## Goal of the exercise
In the listing below, print exactly the lines between the line holding "fillet(fillet_2_edges, radius=FILLET_2_R)" and the line holding "P1: stops at", inclusive, and no more.

## Data section

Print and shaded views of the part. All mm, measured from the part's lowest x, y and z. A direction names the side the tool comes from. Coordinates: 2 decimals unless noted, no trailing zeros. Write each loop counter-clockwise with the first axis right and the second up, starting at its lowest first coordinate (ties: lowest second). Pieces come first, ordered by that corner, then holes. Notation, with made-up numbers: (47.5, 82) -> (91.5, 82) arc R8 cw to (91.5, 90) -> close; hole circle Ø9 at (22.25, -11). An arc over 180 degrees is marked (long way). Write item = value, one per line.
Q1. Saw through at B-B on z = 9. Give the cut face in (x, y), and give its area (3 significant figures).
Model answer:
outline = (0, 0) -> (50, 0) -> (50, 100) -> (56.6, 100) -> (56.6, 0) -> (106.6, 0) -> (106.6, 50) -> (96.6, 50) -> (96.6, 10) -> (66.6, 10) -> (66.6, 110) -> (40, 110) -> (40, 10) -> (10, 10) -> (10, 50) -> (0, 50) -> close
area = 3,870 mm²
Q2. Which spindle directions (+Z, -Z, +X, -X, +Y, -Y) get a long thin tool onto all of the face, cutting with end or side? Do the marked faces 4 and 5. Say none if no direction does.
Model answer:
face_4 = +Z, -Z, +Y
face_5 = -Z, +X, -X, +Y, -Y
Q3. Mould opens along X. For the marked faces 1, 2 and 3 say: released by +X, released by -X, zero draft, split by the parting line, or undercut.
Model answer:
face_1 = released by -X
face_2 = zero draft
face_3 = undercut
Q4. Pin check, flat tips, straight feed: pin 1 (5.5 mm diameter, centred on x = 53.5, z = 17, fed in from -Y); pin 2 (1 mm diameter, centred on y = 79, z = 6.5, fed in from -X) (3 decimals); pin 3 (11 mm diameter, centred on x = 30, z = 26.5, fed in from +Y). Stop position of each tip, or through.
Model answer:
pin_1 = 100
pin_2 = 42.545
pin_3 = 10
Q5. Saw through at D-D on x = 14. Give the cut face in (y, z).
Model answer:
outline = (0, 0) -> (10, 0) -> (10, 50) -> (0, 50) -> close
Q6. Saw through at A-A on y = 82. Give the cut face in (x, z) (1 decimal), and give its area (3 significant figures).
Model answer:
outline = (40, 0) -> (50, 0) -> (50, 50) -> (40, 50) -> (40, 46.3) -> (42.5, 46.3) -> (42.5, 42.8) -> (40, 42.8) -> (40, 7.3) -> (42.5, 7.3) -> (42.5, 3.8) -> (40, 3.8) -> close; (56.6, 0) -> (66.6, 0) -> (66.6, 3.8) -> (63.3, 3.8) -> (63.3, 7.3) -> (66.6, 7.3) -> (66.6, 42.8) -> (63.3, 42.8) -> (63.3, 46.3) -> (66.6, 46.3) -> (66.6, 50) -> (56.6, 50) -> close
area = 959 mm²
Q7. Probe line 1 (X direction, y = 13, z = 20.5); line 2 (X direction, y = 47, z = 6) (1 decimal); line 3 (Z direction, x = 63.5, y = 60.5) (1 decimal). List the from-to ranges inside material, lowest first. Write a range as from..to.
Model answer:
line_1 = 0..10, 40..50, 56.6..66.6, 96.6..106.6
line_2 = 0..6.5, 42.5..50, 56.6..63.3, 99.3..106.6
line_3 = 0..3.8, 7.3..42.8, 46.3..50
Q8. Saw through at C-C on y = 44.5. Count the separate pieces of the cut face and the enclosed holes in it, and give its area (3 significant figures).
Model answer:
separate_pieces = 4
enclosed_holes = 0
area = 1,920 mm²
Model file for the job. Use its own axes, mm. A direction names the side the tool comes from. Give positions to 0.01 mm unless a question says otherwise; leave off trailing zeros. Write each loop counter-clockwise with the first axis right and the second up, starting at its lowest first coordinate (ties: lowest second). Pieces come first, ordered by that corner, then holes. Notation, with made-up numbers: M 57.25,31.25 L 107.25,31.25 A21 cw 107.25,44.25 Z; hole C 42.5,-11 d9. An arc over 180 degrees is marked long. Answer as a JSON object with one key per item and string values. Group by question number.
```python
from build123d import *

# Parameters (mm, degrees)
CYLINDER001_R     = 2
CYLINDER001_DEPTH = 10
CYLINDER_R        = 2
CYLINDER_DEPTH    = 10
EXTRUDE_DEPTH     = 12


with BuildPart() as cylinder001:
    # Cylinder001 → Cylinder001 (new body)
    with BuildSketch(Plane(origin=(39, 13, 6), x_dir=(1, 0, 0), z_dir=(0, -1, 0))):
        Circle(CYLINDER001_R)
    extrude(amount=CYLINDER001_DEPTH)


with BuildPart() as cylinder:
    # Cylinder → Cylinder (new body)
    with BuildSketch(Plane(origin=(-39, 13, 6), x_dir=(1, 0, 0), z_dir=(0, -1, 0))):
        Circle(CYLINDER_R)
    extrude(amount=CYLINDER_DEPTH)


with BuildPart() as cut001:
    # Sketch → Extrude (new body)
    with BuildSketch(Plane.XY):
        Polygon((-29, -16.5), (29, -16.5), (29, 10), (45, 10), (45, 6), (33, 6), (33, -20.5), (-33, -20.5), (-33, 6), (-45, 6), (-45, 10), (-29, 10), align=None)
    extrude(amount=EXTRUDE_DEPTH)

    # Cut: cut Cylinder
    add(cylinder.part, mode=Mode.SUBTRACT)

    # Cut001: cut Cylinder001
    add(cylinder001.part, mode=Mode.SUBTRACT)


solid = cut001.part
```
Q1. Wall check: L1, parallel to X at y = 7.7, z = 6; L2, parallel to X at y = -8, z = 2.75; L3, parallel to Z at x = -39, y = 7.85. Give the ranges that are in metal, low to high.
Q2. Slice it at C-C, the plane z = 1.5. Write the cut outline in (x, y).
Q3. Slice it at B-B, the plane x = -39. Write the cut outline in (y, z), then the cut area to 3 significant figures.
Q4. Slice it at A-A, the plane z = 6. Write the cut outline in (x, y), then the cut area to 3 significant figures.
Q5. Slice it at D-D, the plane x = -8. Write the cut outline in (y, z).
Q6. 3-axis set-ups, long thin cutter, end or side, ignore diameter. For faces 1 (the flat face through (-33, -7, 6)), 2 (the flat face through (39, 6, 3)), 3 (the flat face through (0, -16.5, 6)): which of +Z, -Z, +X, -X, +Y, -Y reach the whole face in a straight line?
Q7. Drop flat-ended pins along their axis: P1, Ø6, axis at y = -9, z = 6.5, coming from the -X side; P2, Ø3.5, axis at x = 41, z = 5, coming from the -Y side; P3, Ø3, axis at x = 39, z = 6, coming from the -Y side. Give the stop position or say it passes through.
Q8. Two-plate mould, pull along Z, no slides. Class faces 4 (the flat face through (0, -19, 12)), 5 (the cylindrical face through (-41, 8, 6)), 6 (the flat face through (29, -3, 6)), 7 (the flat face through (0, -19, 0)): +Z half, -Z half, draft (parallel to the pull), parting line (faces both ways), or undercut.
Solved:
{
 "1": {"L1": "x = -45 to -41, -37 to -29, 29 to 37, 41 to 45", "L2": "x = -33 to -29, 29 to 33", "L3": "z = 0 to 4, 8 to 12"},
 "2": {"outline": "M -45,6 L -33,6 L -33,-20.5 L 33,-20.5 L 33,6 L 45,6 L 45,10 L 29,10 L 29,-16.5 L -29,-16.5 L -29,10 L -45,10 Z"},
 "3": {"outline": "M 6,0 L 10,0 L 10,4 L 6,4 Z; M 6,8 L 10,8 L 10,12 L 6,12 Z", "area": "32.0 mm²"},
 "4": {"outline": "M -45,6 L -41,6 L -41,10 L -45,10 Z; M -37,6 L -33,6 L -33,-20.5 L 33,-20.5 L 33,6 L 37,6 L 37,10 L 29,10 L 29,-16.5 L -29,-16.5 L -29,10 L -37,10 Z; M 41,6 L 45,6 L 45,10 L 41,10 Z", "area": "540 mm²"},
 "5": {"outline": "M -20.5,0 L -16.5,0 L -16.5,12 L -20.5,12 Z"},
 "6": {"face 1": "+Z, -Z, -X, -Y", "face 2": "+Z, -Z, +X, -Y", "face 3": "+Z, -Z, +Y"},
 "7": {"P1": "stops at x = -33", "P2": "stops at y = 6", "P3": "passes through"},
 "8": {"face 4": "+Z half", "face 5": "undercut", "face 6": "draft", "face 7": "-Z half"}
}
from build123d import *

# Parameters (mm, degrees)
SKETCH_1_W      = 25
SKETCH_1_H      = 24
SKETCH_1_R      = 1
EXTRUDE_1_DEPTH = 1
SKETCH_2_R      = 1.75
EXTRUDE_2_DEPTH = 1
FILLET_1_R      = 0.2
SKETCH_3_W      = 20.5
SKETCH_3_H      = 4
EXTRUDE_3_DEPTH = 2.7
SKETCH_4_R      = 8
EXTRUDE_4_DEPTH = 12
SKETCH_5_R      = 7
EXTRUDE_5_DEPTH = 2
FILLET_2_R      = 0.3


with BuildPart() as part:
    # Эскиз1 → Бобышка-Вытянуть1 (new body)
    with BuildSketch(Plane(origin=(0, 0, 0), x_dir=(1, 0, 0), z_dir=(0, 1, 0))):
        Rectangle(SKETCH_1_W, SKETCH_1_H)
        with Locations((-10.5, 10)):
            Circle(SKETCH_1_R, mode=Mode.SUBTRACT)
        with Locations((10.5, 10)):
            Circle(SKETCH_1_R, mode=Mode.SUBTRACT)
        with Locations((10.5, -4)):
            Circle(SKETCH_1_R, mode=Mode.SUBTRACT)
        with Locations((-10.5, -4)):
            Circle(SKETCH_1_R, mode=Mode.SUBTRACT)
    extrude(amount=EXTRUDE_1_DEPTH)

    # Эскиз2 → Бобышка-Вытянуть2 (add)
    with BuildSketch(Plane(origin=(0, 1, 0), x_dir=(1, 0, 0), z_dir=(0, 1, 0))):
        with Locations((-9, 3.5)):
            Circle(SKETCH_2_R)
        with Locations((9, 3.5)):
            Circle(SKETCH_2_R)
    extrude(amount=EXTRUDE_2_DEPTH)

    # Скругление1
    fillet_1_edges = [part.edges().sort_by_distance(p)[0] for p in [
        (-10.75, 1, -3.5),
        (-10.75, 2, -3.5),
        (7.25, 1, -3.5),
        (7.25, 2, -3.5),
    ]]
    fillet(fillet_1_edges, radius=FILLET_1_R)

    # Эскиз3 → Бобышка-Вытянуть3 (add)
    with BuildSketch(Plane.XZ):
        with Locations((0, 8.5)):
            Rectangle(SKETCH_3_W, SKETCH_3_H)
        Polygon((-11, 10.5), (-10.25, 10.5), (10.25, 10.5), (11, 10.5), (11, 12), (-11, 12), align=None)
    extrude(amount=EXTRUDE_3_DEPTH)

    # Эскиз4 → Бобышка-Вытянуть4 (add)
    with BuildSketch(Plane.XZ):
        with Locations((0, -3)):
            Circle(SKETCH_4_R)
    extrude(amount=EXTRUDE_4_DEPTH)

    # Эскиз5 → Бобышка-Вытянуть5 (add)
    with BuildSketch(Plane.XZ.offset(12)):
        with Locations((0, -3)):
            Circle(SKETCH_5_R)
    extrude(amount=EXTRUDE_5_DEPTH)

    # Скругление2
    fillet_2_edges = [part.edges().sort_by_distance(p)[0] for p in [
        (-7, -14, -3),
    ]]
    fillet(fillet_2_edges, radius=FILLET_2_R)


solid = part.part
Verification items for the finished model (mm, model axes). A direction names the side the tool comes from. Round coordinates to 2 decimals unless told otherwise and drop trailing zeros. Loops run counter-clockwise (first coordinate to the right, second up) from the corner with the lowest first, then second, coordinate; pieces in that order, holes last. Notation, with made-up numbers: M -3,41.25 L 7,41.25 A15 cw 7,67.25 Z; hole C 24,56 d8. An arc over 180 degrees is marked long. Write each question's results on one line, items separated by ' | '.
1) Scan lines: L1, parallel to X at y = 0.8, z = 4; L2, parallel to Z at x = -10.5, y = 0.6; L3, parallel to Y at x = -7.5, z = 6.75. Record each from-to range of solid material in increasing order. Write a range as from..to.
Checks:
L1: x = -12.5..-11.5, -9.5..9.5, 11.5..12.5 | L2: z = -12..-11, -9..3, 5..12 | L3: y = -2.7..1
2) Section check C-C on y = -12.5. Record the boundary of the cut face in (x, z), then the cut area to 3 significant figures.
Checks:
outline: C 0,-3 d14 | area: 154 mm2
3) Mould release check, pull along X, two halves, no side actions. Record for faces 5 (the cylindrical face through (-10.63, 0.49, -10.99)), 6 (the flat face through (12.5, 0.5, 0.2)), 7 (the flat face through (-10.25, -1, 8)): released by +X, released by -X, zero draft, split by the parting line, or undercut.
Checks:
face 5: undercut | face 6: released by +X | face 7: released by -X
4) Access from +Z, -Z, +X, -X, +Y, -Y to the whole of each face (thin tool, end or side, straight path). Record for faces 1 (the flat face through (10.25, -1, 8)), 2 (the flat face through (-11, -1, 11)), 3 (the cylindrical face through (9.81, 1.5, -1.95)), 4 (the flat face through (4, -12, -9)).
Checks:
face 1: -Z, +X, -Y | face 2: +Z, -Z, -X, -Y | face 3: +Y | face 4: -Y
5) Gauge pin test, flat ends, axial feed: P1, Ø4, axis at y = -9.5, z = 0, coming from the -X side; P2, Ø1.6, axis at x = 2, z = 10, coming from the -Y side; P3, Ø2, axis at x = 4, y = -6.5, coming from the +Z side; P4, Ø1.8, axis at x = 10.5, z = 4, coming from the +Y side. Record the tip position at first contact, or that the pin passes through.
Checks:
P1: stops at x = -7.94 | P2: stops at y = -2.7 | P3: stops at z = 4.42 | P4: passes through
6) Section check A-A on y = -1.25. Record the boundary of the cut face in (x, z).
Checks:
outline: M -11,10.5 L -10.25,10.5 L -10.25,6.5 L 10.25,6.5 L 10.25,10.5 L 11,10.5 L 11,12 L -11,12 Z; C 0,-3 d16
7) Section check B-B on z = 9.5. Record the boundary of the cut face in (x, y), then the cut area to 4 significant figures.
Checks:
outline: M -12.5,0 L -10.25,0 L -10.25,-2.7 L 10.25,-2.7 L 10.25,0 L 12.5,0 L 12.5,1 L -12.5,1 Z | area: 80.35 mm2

## Written response
    fillet(fillet_2_edges, radius=FILLET_2_R)


solid = part.part
Verification items for the finished model (mm, model axes). A direction names the side the tool comes from. Round coordinates to 2 decimals unless told otherwise and drop trailing zeros. Loops run counter-clockwise (first coordinate to the right, second up) from the corner with the lowest first, then second, coordinate; pieces in that order, holes last. Notation, with made-up numbers: M -3,41.25 L 7,41.25 A15 cw 7,67.25 Z; hole C 24,56 d8. An arc over 180 degrees is marked long. Write each question's results on one line, items separated by ' | '.
1) Scan lines: L1, parallel to X at y = 0.8, z = 4; L2, parallel to Z at x = -10.5, y = 0.6; L3, parallel to Y at x = -7.5, z = 6.75. Record each from-to range of solid material in increasing order. Write a range as from..to.
Checks:
L1: x = -12.5..-11.5, -9.5..9.5, 11.5..12.5 | L2: z = -12..-11, -9..3, 5..12 | L3: y = -2.7..1
2) Section check C-C on y = -12.5. Record the boundary of the cut face in (x, z), then the cut area to 3 significant figures.
Checks:
outline: C 0,-3 d14 | area: 154 mm2
3) Mould release check, pull along X, two halves, no side actions. Record for faces 5 (the cylindrical face through (-10.63, 0.49, -10.99)), 6 (the flat face through (12.5, 0.5, 0.2)), 7 (the flat face through (-10.25, -1, 8)): released by +X, released by -X, zero draft, split by the parting line, or undercut.
Checks:
face 5: undercut | face 6: released by +X | face 7: released by -X
4) Access from +Z, -Z, +X, -X, +Y, -Y to the whole of each face (thin tool, end or side, straight path). Record for faces 1 (the flat face through (10.25, -1, 8)), 2 (the flat face through (-11, -1, 11)), 3 (the cylindrical face through (9.81, 1.5, -1.95)), 4 (the flat face through (4, -12, -9)).
Checks:
face 1: -Z, +X, -Y | face 2: +Z, -Z, -X, -Y | face 3: +Y | face 4: -Y
5) Gauge pin test, flat ends, axial feed: P1, Ø4, axis at y = -9.5, z = 0, coming from the -X side; P2, Ø1.6, axis at x = 2, z = 10, coming from the -Y side; P3, Ø2, axis at x = 4, y = -6.5, coming from the +Z side; P4, Ø1.8, axis at x = 10.5, z = 4, coming from the +Y side. Record the tip position at first contact, or that the pin passes through.
Checks:
P1: stops at x = -7.94 | P2: stops at y = -2.7 | P3: stops at z = 4.42 | P4: passes through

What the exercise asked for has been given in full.